When you say $7 \choose 7$ then you're assuming you're selecting $7$ out of $7,$ not $7$ out of $9.$ When you say $\binom{7}{7} \times \binom{4}{2},$ then you're assuming the order within the boat matters, which is not the case. I.e., $A=(p_1, p_2, \ldots, p_7),B=(\color{red}{p_8}, \color{blue}{p_9})$ is the same as $A=(p_1, p_2, \ldots, p_7),B=(\color{blue}{p_9}, \color{red}{p_8})$. So we don't count them twice.

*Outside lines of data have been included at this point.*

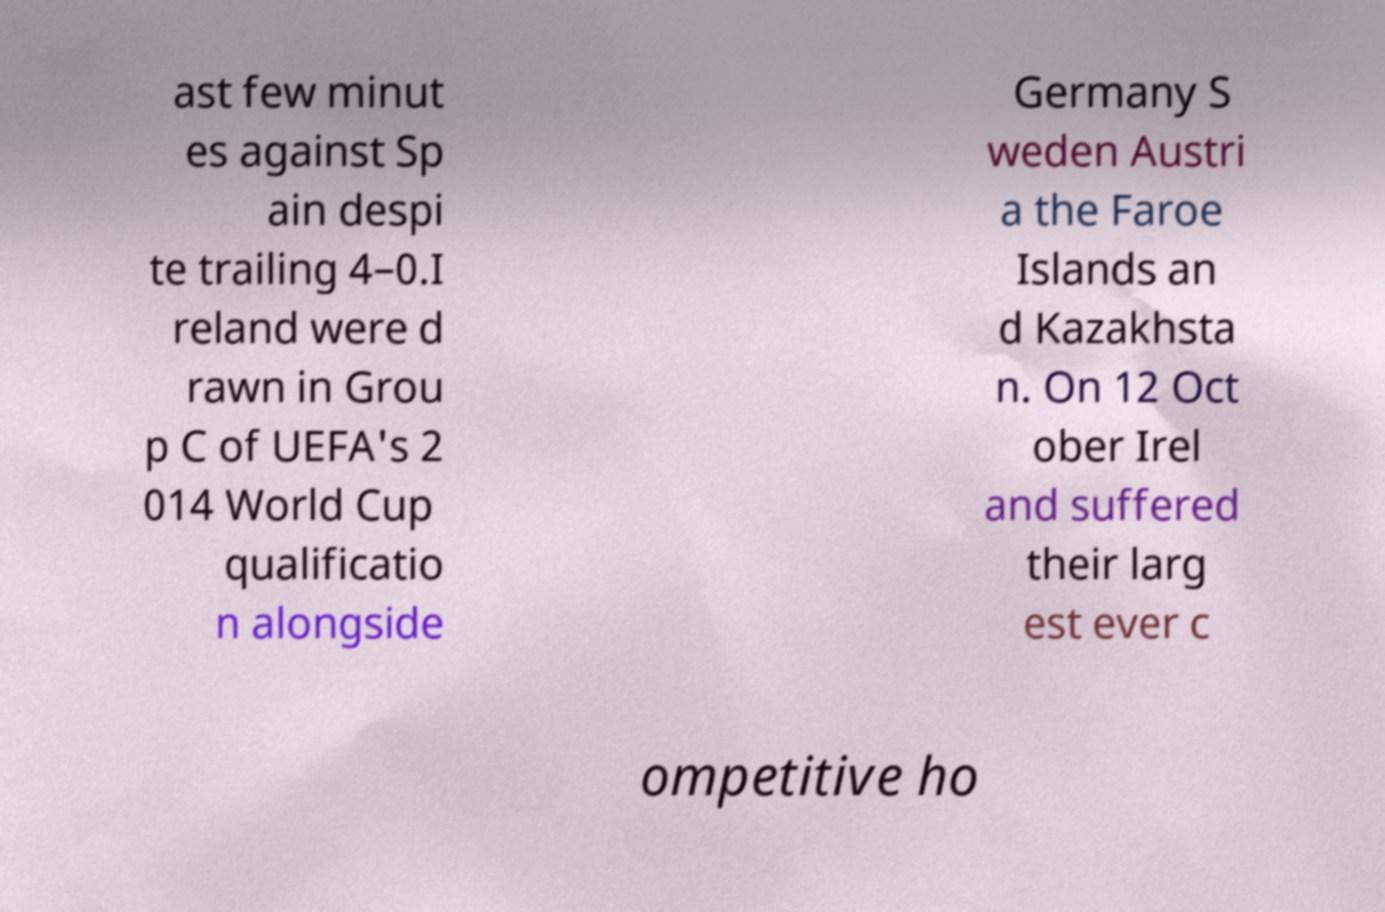Please identify and transcribe the text found in this image. ast few minut es against Sp ain despi te trailing 4–0.I reland were d rawn in Grou p C of UEFA's 2 014 World Cup qualificatio n alongside Germany S weden Austri a the Faroe Islands an d Kazakhsta n. On 12 Oct ober Irel and suffered their larg est ever c ompetitive ho 
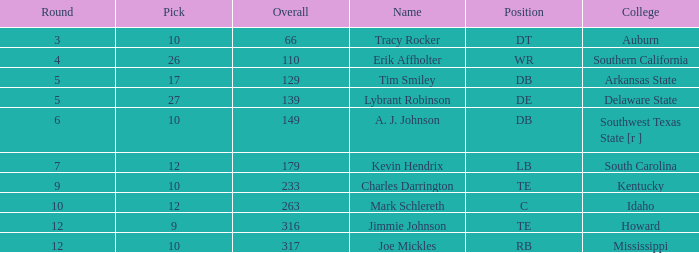What is the sum of Overall, when College is "Arkansas State", and when Pick is less than 17? None. 
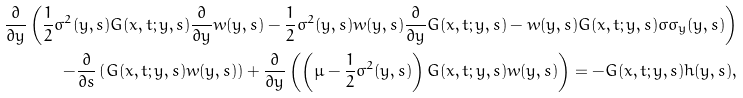Convert formula to latex. <formula><loc_0><loc_0><loc_500><loc_500>\frac { \partial } { \partial y } \left ( \frac { 1 } { 2 } \sigma ^ { 2 } ( y , s ) G ( x , t ; y , s ) \frac { \partial } { \partial y } w ( y , s ) - \frac { 1 } { 2 } \sigma ^ { 2 } ( y , s ) w ( y , s ) \frac { \partial } { \partial y } G ( x , t ; y , s ) - w ( y , s ) G ( x , t ; y , s ) \sigma \sigma _ { y } ( y , s ) \right ) \\ - \frac { \partial } { \partial s } \left ( G ( x , t ; y , s ) w ( y , s ) \right ) + \frac { \partial } { \partial y } \left ( \left ( \mu - \frac { 1 } { 2 } \sigma ^ { 2 } ( y , s ) \right ) G ( x , t ; y , s ) w ( y , s ) \right ) = - G ( x , t ; y , s ) h ( y , s ) ,</formula> 
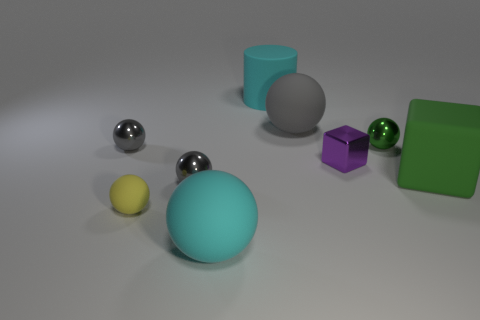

How many ways can you choose $7$ out of $9$ people to ride boat $A$? If the $9$ people are labelled $p_1, p_2 \dots, p_9,$ then there are $\binom{9}{7}$ ways to do so: $ p_1, p_2, p_3, p_4, p_5, p_6, p_7 \\ p_1, p_2, p_3, p_4, p_5, p_6, p_8 \\ p_1, p_2, p_3, p_4, p_5, p_6, p_9 \\ p_2, p_3, p_4, p_5, p_6, p_7, p_8 \\ \dots $ Note that every choice above completely defines the choice for $B.$ So the count for the first configuration $(A = 7, B = 2)$ is $9 \choose 7$.
Repeat for the other two configurations $(A = 6,B = 3)$ and $(A = 5, B = 4)$ to get ${9 \choose 7} + {9 \choose 6}+ {9 \choose 5}$.